After that little tale, we fell silent by mutual consent.
Sam was on the couch in the living room of his trailer. Sam had had the double-wide anchored so it was at a right angle to the back of the bar. That way, at least he opened his front door to a view of the parking lot, which was better than looking at the back of the bar, with its large garbage bin between the kitchen door and the employees' entrance.

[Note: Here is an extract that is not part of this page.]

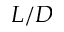Convert formula to latex. <formula><loc_0><loc_0><loc_500><loc_500>L / D</formula>

"Well, there you are," Sam said, and his tone was grumpy. Sam was never one for sitting still. Now that his leg was in a cast, he was fretting from the inactivity. What would he do during the next full moon? Would the leg be healed enough by then for him to change? If he changed, what would happen to the cast? I'd known other injured shape-shifters before, but I hadn't been around for their recuperation, so this was new territory for me. "I was beginning to think you'd gotten lost on the way back." Sam's voice returned me to the here and now. It had a distinct edge.
" 'Gee, thanks, Sookie, I see you returned with a bouncer,' " I said. " 'I'm so sorry you had to go through the humiliating experience of asking Eric for a favor on my behalf.' " At that moment, I didn't care if he was my boss or not.
Sam looked embarrassed.
"Eric agreed, then," he said. He nodded at the pirate.
"Charles Twining, at your service," said the vampire.
Sam's eyes widened. "Okay. I'm Sam Merlotte, owner of the bar. I appreciate your coming to help us out here."
"I was ordered to do so," the vampire said coolly.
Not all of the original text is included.